Approximate, asymptotic methods are indispensable tools for the applied mathematician, in league with computational and exact solution methods. Very often in applications, there are physical, nondimensional parameters p ∈ Rn that are small, yet essentially nonzero. Perturbative methods allow one to extend knowledge of the (often well-understood) p = 0 case to the small |p| case and beyond. These tools are not only beneficial for applications in the physical, biological, and social sciences themselves but also for numerical methods where many computational difficulties arise when parameters are small, e.g., the numerical solution of stiff ODEs or PDEs. Also, many precise results in analysis, number theory, and probability/statistics are formulated in terms of asymptotics.

Course Information

Primary Text: C. M. Bender, S. A. Orszag Advanced Mathematical Methods for Scientists and Engi- neers, Springer, NY 1999.

Additional Text: E. J. Hinch Perturbation Methods, Cambridge University Press, Cambridge, UK 1991; P. D. Miller Applied Asymptotic Analysis, American Mathematical Society, Providence, RI 2006.

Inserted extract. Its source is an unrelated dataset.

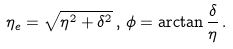<formula> <loc_0><loc_0><loc_500><loc_500>\eta _ { e } = \sqrt { \eta ^ { 2 } + \delta ^ { 2 } } \, , \, \phi = \arctan \frac { \delta } { \eta } \, .</formula> 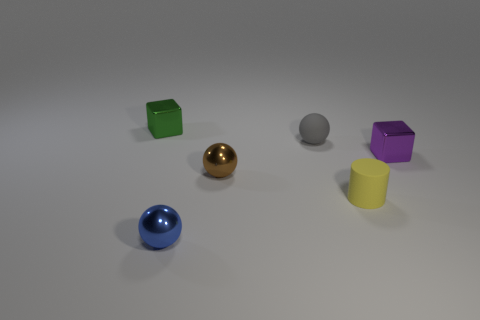Subtract all brown balls. How many balls are left? 2 Subtract all blue spheres. How many spheres are left? 2 Add 3 tiny blocks. How many objects exist? 9 Subtract all blocks. How many objects are left? 4 Subtract all red cubes. Subtract all brown balls. How many cubes are left? 2 Subtract 0 blue cubes. How many objects are left? 6 Subtract 2 blocks. How many blocks are left? 0 Subtract all yellow cubes. How many brown spheres are left? 1 Subtract all green things. Subtract all green cubes. How many objects are left? 4 Add 3 small rubber things. How many small rubber things are left? 5 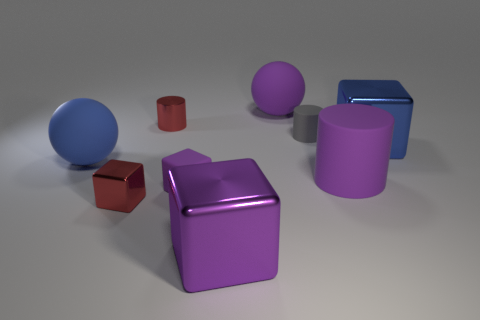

Lecture Times and Location

Instructor Room Number Time
Keith Julien ECCR 257, APPM Newton Lab MWF 11 to 11.50AM


Office Hours

Instructor/TA Room Number Office Hours
Keith Julien  ECOT 321 W 1 to 3PM



Seven approximately bi-weekly problem sets will be assigned. You are encouraged to discuss homework with other students or with me. You must write up your own work legibly and clearly. It is self evident that you must comprehend the material and be able to solve the problems on your own. Homework will be graded on a 0-100 scale based on the amount attempted and detailed grading of selected problems. Your time and my time are valuable. Therefore, if I cannot understand your results (e.g. incomprehensible proofs, poorly written calculations, etc.), then you will get the problem wrong. Homework is due by 5pm on the due date. Late homework will not be accepted.



Individual projects will be a substantial component of the course. Projects should based on exsiting or published works where asymptotic or perturbation methods are emphasized in a significant way.


Grading: 60% for seven problem sets, 20% for in-class 25 minute project presentation, 20% for project report. The standard grading scale, subject to possible downshifting, will be used, e.g. 90- 100% A, 80-89% B, etc.